In an interesting variation on this process, suspended carbon nanowires between walls and posts were fabricated using a combination of UV lithography and electrospinning [18]. The electrospun nanowires were pyrolyzed together with the UV lithographically patterned SU-8 photoresist ensuring good ohmic contact between walls/posts and wires [19, 20]. The reason these authors wanted to fabricate suspended carbon nanowires was to avoid deleterious substrate effects and to enhance mass transport in gases and liquids
to the sensing element. In the current study, we prepared monolithic suspended carbon nanostructures, including nanowires and nanomeshes, which were patterned by two successive UV exposure processes and a single pyrolysis process. The microstructure of the carbon nanowire and
PF-02341066 concentration the development of stress along the wire were explored SYN-117 concentration using a focused ion beam (FIB) milling process, scanning electron microscopy (SEM), and high-resolution transmission electron microscopy (HRTEM). The intrinsic tensile stress along the nanowire and its bent supports mitigated stiction problem and this structural advantage was explored by executing photolithography, metal deposition, wet etching, and electrochemical experiment on an approximately 200-nm-diameter suspended carbon nanowire. In order to confirm the feasibility of suspended carbon nanostructures as nanosensors, their electrical, electrochemical, and thermal properties were characterized experimentally and through simulations. Moreover, the carbon nanowire was selectively coated with palladium using a lift-off process and its functionality as a hydrogen gas sensor was tested.
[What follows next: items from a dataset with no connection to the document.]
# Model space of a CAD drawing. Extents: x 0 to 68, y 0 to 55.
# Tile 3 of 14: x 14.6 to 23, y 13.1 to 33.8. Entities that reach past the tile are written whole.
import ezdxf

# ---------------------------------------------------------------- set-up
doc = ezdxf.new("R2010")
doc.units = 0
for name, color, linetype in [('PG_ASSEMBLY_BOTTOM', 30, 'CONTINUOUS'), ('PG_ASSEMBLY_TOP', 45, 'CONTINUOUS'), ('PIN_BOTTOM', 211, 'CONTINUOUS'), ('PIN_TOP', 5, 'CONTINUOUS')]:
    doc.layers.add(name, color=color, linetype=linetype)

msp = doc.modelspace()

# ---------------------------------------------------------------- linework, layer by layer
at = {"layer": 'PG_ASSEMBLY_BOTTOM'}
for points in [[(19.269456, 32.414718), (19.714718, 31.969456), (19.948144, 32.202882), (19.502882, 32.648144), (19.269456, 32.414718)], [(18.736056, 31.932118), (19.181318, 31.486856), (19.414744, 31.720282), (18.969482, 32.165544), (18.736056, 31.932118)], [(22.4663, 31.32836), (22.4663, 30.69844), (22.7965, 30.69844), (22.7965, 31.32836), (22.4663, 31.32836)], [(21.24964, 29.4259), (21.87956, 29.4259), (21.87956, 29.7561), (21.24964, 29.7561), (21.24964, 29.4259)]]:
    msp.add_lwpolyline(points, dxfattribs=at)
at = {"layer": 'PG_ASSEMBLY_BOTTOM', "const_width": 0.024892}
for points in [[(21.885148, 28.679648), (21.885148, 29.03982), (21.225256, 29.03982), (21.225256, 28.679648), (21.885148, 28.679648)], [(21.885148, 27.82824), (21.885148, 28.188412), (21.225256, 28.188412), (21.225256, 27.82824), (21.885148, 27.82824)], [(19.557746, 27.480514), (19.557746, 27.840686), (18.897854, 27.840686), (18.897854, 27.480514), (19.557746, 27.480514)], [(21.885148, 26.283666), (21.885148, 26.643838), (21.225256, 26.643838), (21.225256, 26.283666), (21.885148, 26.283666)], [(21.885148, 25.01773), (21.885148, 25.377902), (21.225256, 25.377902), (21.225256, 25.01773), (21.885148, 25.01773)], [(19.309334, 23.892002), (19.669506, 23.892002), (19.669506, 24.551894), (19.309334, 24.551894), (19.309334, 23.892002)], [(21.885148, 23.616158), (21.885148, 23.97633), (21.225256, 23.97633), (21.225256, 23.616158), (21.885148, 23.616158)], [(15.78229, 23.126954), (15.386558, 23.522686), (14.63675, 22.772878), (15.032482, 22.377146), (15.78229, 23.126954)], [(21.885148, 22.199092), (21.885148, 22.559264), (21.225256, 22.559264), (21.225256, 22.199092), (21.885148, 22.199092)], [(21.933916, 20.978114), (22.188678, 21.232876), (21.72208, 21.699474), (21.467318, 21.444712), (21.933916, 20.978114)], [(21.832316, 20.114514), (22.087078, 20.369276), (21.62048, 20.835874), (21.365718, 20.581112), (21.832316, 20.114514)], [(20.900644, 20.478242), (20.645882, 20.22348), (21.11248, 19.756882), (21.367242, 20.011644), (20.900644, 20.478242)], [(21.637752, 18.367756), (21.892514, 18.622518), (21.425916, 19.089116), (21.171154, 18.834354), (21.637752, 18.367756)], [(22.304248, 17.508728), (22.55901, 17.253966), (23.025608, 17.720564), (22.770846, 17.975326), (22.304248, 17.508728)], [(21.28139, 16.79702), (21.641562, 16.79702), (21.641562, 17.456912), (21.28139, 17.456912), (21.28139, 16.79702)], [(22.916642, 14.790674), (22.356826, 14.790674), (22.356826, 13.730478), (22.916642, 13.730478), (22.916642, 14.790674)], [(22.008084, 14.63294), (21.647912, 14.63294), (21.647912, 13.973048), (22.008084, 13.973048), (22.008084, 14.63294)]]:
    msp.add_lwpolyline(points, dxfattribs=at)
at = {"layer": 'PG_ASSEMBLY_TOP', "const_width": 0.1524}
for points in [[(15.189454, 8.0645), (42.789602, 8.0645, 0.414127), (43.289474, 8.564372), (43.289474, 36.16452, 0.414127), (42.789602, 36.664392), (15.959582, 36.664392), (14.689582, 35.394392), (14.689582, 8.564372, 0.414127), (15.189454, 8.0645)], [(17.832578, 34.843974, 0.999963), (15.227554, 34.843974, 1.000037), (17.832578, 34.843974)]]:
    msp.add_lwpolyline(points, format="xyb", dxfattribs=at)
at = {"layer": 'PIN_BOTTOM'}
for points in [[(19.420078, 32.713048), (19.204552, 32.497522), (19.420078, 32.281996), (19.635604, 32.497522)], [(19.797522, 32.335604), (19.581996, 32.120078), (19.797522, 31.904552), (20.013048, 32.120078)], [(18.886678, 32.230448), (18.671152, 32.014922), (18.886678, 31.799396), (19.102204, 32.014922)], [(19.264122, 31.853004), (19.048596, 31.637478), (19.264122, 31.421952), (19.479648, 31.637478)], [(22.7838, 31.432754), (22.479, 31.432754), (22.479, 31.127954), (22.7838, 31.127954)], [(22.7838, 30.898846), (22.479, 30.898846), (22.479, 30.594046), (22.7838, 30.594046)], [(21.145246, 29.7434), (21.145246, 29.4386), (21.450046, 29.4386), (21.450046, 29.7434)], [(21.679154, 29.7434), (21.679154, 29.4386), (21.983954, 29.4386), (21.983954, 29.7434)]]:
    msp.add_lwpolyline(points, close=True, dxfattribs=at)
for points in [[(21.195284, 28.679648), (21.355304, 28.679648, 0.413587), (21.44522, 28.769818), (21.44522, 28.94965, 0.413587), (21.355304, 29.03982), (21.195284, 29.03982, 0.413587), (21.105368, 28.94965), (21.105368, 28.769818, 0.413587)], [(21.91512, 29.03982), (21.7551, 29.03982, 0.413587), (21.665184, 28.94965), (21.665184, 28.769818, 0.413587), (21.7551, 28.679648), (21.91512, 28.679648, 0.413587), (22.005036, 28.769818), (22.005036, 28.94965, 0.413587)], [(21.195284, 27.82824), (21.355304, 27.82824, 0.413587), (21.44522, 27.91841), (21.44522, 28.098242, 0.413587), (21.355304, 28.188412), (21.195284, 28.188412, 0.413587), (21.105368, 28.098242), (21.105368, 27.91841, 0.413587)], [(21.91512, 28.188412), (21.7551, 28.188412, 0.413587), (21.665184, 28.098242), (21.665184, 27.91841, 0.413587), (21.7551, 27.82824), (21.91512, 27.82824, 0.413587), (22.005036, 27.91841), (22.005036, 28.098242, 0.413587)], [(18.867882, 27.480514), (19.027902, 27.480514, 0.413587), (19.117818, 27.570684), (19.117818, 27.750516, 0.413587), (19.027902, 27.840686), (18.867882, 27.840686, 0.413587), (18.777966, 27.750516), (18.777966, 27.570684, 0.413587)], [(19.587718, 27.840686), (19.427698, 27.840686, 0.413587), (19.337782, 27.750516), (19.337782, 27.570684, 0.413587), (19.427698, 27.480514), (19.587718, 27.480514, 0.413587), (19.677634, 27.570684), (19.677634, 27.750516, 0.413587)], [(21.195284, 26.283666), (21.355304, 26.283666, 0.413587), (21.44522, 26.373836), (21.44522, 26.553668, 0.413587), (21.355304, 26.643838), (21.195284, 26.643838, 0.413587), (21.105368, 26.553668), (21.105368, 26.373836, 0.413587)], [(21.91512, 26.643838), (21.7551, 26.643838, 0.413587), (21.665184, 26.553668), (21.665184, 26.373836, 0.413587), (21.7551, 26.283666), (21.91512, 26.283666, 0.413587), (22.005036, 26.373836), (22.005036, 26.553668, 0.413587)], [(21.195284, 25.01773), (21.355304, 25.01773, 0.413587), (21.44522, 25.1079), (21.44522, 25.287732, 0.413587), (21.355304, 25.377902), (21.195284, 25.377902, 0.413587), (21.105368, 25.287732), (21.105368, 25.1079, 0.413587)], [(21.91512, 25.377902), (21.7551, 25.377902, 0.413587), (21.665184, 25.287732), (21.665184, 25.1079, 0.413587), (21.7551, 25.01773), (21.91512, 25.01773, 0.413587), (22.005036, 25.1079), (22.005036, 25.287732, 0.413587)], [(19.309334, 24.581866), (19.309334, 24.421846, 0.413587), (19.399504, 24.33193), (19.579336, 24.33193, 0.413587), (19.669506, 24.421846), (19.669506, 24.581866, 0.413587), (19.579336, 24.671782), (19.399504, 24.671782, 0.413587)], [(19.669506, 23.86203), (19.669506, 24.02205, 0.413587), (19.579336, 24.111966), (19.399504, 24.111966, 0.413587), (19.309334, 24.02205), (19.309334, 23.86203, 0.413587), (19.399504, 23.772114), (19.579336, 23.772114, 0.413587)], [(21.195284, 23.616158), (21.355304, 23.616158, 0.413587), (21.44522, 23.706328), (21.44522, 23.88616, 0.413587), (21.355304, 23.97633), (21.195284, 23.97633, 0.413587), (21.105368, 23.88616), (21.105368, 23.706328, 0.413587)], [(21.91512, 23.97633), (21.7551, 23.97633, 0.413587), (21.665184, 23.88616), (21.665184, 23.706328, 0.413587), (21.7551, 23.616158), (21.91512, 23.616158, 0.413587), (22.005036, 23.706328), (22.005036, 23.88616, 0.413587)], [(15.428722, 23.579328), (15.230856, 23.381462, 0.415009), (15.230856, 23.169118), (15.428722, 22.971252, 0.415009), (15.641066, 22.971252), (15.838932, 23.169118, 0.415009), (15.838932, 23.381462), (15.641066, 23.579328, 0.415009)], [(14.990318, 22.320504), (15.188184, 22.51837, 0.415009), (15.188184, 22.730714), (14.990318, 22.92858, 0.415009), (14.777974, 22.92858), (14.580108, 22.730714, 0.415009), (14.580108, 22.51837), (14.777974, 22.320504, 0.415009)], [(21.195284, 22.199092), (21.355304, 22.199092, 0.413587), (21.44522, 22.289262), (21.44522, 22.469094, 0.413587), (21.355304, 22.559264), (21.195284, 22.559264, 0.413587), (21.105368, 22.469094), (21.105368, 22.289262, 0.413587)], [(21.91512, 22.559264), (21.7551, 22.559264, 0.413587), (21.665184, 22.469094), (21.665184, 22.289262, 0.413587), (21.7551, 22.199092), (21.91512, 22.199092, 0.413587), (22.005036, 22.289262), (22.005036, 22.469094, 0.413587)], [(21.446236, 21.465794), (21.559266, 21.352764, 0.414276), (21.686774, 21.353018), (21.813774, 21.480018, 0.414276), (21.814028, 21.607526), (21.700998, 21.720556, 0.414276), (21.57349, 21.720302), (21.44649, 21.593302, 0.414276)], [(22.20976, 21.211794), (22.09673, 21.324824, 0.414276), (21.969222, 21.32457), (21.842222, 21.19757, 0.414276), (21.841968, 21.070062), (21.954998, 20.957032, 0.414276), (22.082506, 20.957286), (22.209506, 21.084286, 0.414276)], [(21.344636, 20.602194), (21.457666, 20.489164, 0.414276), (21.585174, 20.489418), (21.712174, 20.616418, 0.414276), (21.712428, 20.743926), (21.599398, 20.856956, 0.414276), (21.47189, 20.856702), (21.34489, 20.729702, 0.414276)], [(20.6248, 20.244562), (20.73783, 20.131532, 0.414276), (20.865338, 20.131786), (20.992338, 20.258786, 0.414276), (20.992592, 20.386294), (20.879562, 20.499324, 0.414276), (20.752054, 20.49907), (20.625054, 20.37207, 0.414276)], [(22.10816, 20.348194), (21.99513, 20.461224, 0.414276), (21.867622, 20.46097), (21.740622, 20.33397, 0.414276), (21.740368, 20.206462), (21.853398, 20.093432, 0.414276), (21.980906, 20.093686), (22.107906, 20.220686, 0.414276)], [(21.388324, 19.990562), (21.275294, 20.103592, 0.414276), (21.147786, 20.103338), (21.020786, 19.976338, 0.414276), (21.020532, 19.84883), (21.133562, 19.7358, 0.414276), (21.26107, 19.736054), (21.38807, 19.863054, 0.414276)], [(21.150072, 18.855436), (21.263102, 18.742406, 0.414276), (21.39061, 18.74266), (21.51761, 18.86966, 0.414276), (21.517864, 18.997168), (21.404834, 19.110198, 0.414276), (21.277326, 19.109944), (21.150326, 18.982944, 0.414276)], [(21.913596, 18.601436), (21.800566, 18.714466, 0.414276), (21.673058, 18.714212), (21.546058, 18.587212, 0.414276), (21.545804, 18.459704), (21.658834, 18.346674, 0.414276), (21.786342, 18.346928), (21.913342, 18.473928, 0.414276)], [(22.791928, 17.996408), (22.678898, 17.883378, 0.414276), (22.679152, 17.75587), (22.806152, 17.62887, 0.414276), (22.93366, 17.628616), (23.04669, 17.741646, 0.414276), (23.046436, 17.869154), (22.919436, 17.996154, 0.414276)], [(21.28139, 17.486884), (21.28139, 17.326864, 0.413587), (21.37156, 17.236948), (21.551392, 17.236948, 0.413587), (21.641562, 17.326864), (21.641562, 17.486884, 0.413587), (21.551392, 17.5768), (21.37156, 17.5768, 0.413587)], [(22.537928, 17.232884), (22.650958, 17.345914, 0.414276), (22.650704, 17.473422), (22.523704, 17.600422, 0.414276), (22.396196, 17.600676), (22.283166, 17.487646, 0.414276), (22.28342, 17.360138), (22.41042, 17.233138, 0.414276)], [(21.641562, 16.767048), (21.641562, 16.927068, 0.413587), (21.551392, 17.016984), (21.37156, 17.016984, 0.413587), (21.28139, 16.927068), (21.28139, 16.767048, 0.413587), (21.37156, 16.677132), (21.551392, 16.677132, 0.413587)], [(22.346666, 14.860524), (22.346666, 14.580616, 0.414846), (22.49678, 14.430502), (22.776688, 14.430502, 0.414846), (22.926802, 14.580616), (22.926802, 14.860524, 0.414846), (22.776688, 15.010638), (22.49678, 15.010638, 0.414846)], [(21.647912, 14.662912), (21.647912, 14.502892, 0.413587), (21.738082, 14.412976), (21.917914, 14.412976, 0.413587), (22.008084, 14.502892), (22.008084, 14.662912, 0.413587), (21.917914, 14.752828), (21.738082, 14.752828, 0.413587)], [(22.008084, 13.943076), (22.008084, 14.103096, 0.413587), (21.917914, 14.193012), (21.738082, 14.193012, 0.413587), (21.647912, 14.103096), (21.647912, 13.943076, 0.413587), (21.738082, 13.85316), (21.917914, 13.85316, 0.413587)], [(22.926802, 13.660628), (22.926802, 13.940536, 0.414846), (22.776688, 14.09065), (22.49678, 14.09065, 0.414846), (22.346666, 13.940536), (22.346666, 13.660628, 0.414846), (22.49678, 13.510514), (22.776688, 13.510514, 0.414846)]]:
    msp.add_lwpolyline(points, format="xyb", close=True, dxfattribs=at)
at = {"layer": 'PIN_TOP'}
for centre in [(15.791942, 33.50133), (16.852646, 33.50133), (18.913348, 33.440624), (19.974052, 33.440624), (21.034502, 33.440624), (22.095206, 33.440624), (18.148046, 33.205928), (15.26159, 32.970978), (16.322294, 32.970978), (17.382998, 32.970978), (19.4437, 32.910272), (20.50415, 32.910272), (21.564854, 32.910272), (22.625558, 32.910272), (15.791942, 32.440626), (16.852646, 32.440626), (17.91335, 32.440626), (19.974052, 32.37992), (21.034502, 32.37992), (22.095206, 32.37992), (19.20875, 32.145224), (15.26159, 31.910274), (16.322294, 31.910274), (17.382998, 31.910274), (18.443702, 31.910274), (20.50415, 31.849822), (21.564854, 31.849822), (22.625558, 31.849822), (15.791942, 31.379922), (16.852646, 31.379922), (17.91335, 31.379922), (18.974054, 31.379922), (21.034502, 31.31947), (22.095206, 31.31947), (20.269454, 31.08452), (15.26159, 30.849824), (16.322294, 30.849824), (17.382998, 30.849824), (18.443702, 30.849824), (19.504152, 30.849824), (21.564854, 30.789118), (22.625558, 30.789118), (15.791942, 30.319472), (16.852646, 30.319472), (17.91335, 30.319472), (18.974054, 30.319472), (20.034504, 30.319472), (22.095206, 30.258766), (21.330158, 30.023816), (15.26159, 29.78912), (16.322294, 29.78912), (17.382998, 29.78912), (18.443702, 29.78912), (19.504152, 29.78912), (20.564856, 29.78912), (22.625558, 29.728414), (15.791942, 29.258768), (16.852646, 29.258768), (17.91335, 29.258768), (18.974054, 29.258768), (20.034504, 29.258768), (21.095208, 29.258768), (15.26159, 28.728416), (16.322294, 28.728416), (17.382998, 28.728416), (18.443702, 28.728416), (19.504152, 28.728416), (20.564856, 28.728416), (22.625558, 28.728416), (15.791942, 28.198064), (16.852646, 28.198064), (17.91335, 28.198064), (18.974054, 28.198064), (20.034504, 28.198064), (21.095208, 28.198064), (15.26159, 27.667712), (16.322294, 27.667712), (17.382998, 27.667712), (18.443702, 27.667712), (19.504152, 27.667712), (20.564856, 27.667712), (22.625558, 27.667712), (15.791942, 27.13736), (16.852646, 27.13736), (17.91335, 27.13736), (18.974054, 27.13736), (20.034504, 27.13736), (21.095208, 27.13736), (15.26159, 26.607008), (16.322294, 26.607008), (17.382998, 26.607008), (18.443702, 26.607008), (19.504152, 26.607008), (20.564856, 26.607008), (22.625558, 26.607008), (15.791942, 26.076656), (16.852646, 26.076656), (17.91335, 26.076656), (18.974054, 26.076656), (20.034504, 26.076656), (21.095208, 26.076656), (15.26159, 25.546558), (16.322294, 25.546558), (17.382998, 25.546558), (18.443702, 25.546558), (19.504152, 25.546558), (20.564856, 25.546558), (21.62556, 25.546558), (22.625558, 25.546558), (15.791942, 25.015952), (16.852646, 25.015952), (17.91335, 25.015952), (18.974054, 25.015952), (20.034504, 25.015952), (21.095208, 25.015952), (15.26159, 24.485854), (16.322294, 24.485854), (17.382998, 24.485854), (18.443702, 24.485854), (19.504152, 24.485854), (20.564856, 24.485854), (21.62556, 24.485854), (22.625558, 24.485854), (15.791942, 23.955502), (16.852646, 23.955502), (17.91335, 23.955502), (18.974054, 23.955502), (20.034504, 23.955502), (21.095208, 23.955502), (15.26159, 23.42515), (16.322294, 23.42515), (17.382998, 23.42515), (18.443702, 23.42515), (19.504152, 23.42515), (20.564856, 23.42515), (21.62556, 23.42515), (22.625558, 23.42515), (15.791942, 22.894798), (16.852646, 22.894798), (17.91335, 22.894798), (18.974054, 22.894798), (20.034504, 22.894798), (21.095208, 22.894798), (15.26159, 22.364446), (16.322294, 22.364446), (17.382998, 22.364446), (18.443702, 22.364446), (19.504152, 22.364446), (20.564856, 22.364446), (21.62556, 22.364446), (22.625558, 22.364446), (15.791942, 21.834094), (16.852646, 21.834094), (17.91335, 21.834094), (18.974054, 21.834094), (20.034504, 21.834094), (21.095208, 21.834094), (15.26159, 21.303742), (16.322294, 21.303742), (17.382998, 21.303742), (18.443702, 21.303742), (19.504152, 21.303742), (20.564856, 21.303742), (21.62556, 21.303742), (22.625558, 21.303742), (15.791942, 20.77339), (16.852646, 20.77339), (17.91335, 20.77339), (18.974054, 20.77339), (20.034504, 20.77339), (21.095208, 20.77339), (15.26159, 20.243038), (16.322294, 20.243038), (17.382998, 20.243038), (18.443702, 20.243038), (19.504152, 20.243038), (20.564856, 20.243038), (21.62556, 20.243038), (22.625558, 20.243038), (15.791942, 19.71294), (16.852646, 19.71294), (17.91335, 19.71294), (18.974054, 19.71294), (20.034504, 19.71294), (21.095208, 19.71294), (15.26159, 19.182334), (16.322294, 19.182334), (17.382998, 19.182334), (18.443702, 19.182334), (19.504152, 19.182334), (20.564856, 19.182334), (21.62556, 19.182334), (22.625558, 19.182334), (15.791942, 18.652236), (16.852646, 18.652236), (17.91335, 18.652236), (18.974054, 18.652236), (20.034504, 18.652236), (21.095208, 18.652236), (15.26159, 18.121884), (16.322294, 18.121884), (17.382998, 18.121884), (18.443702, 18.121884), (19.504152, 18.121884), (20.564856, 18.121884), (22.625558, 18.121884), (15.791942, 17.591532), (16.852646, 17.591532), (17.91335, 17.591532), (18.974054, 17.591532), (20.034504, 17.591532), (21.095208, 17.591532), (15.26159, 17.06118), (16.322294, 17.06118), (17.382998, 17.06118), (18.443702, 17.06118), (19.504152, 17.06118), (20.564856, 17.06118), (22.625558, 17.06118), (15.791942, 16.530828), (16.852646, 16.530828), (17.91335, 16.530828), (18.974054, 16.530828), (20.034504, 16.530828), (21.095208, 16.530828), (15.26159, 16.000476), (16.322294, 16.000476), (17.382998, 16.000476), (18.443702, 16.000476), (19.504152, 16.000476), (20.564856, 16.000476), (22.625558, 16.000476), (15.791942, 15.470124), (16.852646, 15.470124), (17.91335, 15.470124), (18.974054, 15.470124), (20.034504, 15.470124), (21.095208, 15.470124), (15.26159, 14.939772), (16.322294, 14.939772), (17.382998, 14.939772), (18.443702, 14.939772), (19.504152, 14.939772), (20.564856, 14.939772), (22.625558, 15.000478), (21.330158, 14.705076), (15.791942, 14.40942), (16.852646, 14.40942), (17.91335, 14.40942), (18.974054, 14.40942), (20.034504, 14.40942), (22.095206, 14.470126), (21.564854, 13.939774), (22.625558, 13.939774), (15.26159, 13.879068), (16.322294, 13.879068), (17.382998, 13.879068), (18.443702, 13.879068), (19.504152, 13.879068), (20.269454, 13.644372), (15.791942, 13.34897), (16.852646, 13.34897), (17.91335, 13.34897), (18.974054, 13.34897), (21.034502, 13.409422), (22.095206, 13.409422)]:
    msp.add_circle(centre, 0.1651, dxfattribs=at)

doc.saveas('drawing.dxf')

Methods The schematic fabrication steps of the suspended carbon nanostructures are described in Figure 1. First, a 0.5-μm-thick SiO2 layer was grown on a 6-inch Si wafer (p-type, boron doped, 8 to 12 Ω · cm2, 660-μm thick) using thermal oxidation. The SiO2/Si substrate was cleaned in a hot piranha solution (H2SO4/H2O2 = 4:1) and dehydrated on a hot plate at 200°C for 5 min. After a 35-μm-thick layer of negative photoresist (SU-8 2000, MicroChem, Corp., Newton, MA, USA) was spin-coated onto the SiO2/Si substrate and soft-baked at 95°C for 9 min, a long UV exposure (200 mJ · cm−2) Rebamipide was performed through a photomask defining post structures. A second UV exposure with lower dose (22 mJ · cm−2) was subsequently performed to polymerize only the shallow area of the negative photoresist layer. The UV lithography process was finished by a post-exposure bake (95°C for 8 min) and a development step. Finally, the photoresist structures consisting of posts and suspended photoresist mircrowires were pyrolyzed in a vacuum furnace and converted into monolithic carbon structures. The pyrolysis process consisted of a pre-baking step for selleck kinase inhibitor degassing and major volume reduction and a carbonization step for forming solid carbon.